Valenzuela, Alicia Reyes; Turner, Mark; Markarian, Nathan; Lachance-Brais, Christophe; Hanrahan, John; Vali, Hojatollah; Vidal, Silvia; Mongeau, Luc.
Affiliation
  • Valenzuela AR; Biological and Biomedical Engineering, McGill University, Montreal, Quebec, Canada. H3A 2B4.
  • Turner M; Department of Mechanical engineering. McGill University. Montreal, Canada. H3A 0C3.
  • Markarian N; Pharmaceutical Drugs Directorate, Bureau of Gastroenterology, Infection and Viral Diseases, Health Canada, Ottawa, Ontario, Canada, K1A 0K9.
  • Lachance-Brais C; Department of Human Genetics, McGill University, Montreal, Canada, H3A 0C7.
  • Hanrahan J; Research Centre on Complex Traits, McGill University, Montreal, Canada, H3G 0B1.
  • Vali H; Swine and Poultry Infectious Diseases Research Center and Research Group on Infectious Diseases in Production Animals, Faculty of Veterinary Medicine, University of Montreal. Montreal, Canada, J25 2MD.
  • Vidal S; Chemistry Department, McGill University, Montreal, Quebec, Canada. H3A 0B8.
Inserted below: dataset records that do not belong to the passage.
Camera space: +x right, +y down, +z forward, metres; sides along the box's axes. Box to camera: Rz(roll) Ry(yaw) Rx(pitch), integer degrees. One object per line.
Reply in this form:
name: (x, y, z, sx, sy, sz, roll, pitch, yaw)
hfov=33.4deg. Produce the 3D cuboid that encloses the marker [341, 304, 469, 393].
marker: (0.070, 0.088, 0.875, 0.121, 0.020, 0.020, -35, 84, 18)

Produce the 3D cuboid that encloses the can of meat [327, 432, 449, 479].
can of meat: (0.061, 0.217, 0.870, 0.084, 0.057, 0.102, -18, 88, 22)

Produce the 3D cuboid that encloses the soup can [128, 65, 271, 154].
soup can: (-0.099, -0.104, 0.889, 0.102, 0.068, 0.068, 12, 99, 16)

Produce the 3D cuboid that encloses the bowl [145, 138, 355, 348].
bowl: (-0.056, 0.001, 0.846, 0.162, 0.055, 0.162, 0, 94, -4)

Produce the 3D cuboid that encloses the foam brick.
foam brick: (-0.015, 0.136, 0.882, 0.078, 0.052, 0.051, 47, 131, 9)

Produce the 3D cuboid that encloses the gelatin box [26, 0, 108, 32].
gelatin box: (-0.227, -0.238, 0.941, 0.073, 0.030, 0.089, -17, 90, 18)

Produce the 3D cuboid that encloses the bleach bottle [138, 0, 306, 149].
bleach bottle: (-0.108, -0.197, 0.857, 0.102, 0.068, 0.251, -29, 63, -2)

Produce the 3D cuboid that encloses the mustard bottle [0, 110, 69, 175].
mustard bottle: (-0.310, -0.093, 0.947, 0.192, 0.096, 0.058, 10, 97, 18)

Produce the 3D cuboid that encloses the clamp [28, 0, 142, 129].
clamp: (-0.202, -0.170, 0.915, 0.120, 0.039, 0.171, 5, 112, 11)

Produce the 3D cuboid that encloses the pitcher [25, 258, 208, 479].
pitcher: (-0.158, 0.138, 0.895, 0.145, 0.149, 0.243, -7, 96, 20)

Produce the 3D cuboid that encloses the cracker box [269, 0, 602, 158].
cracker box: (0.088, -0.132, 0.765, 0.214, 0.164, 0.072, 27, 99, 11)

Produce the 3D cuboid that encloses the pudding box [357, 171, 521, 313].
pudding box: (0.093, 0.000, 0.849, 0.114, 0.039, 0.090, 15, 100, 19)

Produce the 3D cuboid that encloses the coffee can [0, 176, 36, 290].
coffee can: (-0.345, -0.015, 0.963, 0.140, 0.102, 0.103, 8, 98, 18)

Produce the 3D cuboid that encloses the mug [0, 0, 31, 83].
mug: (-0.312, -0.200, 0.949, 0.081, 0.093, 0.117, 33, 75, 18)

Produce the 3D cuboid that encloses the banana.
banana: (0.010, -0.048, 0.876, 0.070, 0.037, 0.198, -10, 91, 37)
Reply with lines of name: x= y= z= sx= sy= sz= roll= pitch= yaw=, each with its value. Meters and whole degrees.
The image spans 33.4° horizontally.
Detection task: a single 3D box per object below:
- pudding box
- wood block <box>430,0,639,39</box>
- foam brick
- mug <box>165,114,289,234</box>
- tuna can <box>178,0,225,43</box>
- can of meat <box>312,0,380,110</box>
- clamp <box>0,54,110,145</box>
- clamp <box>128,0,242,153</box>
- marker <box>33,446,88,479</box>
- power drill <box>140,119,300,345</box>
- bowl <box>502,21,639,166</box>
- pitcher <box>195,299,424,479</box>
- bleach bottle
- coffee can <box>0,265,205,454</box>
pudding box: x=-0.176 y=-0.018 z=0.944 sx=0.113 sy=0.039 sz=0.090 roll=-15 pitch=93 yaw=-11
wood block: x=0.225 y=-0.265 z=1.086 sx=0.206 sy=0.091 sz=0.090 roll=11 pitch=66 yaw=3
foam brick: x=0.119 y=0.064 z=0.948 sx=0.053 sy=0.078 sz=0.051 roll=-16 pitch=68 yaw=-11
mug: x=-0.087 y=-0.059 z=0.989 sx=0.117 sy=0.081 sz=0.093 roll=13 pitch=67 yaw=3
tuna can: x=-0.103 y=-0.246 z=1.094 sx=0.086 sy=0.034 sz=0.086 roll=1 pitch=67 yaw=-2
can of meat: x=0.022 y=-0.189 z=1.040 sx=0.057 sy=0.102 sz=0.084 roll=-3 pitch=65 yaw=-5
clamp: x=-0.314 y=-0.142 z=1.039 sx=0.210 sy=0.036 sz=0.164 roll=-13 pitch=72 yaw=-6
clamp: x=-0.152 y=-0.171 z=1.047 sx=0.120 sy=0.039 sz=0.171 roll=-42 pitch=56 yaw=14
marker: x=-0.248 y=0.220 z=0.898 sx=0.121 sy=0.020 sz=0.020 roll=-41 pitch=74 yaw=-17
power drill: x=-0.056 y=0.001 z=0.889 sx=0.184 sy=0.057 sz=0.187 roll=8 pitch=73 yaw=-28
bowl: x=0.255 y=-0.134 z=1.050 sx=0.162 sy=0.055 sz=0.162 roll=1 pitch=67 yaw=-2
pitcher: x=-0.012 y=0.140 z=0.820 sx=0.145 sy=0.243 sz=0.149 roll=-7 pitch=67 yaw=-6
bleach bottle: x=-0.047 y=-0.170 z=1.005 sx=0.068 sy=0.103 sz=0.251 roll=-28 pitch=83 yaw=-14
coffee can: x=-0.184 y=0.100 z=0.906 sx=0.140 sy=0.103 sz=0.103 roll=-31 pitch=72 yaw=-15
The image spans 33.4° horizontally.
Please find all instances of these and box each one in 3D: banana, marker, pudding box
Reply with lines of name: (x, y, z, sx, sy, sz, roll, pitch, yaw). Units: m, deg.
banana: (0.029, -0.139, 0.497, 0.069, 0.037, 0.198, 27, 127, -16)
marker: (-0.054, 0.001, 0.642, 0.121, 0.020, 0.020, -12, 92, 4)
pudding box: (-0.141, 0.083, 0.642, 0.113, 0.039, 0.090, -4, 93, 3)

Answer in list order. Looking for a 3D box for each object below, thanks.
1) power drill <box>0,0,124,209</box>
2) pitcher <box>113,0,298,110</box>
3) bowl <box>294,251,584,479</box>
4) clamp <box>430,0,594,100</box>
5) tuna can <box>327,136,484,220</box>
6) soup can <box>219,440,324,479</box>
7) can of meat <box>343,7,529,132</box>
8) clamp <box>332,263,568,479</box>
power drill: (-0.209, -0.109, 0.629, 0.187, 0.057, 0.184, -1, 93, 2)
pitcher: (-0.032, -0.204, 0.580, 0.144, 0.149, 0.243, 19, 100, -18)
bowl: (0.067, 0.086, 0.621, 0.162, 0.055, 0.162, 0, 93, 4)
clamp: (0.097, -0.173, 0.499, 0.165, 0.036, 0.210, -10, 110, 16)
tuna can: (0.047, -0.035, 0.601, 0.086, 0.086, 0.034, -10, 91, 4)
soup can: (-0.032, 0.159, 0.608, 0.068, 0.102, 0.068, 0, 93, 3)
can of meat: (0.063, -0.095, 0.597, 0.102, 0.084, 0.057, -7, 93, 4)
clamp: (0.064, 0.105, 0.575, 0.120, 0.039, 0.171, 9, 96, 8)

  • Mongeau L; Department of Physiology, McGill University, Montreal, Canada. H3G 1Y6.
bioRxiv ; 2024 Jul 09.
Article in En | MEDLINE | ID: mdl-39026877
ABSTRACT
The lung is a primary target for many lethal respiratory viruses, leading to significant global mortality. Current organoid models fail to completely mimic the cellular diversity and intricate tubular and branching structures of the human lung. Lung organoids derived from adult primary cells have so far only included cells from the input cell region, proximal or distal. Existing models are expensive. They often require cells from invasive deep lung tissue biopsies. The present study aimed to address these limitations. The lung organoids obtained using an original protocol exhibited transregional differentiation and were derived from relatively more accessible primary cells from the trachea/bronchi. Immortal bronchial cell lines were also used to simplify organoid fabrication and improve its scalability. The lung organoids are formed starting from bronchial cells with fibroblasts feeder cells in an alginate hydrogel coated with base membrane zone proteins. Characterizations were performed using bulk RNA sequencing and tandem mass tags. The resulting organoids express markers of different lung regions and mimic to some extent the tubular and branching morphology of the lung. The proteomic profile of organoid from primary cells and from cell lines was found to evolve towards that of mature lung tissue. Upregulated genes were mostly related to the respiratory system, tube development, and various aspects of respiratory viral infections. Infection with SARS-CoV-2 and influenza H1N1 was successful and did not require organoid disassembly. The organoids matured within 21 days and did not require complex or expensive culture methods. Transregionally differentiated lung organoid may find applications for the study of emerging or re-emerging viral infections and fostering the development of novel in-vitro therapeutic strategies.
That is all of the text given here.